With images excluded, write out each entry below exactly as given.

Records from a dataset:
-*-

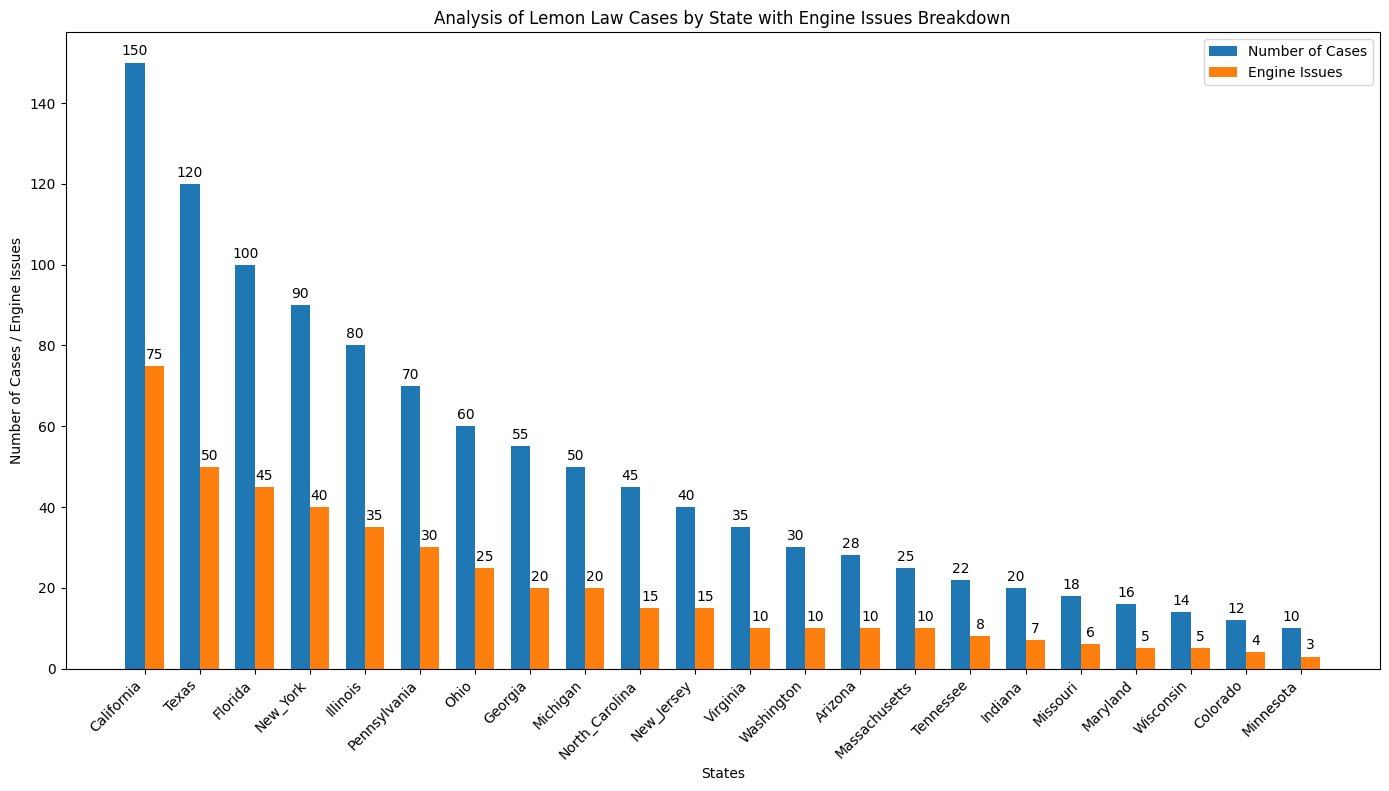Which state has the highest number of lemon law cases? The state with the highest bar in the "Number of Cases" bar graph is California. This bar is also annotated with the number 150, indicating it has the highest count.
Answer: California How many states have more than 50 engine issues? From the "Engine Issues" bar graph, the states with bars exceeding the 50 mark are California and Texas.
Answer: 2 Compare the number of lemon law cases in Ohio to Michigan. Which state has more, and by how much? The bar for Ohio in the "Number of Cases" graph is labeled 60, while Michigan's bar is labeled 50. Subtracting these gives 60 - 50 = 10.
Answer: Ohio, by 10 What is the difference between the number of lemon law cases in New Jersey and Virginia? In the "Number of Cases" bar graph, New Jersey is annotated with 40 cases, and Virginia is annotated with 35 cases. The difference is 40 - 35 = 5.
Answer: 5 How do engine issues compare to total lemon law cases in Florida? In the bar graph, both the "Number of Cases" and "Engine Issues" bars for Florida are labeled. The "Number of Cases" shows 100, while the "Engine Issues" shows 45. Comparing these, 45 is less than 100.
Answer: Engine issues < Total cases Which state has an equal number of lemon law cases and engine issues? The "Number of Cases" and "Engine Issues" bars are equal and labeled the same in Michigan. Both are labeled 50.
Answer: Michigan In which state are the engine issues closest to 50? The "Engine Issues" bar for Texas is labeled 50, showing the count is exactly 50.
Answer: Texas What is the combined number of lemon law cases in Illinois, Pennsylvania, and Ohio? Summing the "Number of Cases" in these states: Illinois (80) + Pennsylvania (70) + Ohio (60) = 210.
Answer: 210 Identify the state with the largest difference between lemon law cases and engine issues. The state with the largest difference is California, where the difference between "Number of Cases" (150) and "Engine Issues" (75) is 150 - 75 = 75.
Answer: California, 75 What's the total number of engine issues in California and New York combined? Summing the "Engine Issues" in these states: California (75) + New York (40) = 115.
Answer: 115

-*-

- ANSWER AREA
Which state has the highest number of lemon law cases? The state with the highest bar in the "Number of Cases" bar graph is California. This bar is also annotated with the number 150, indicating it has the highest count.
Answer: California How many states have more than 50 engine issues? From the "Engine Issues" bar graph, the states with bars exceeding the 50 mark are California and Texas.
Answer: 2 Compare the number of lemon law cases in Ohio to Michigan. Which state has more, and by how much? The bar for Ohio in the "Number of Cases" graph is labeled 60, while Michigan's bar is labeled 50. Subtracting these gives 60 - 50 = 10.
Answer: Ohio, by 10 What is the difference between the number of lemon law cases in New Jersey and Virginia? In the "Number of Cases" bar graph, New Jersey is annotated with 40 cases, and Virginia is annotated with 35 cases. The difference is 40 - 35 = 5.
Answer: 5 How do engine issues compare to total lemon law cases in Florida? In the bar graph, both the "Number of Cases" and "Engine Issues" bars for Florida are labeled. The "Number of Cases" shows 100, while the "Engine Issues" shows 45. Comparing these, 45 is less than 100.
Answer: Engine issues < Total cases Which state has an equal number of lemon law cases and engine issues? The "Number of Cases" and "Engine Issues" bars are equal and labeled the same in Michigan. Both are labeled 50.
Answer: Michigan In which state are the engine issues closest to 50? The "Engine Issues" bar for Texas is labeled 50, showing the count is exactly 50.
Answer: Texas What is the combined number of lemon law cases in Illinois, Pennsylvania, and Ohio? Summing the "Number of Cases" in these states: Illinois (80) + Pennsylvania (70) + Ohio (60) = 210.
Answer: 210 Identify the state with the largest difference between lemon law cases and engine issues. The state with the largest difference is California, where the difference between "Number of Cases" (150) and "Engine Issues" (75) is 150 - 75 = 75.
Answer: California, 75 What's the total number of engine issues in California and New York combined? Summing the "Engine Issues" in these states: California (75) + New York (40) = 115.
Answer: 115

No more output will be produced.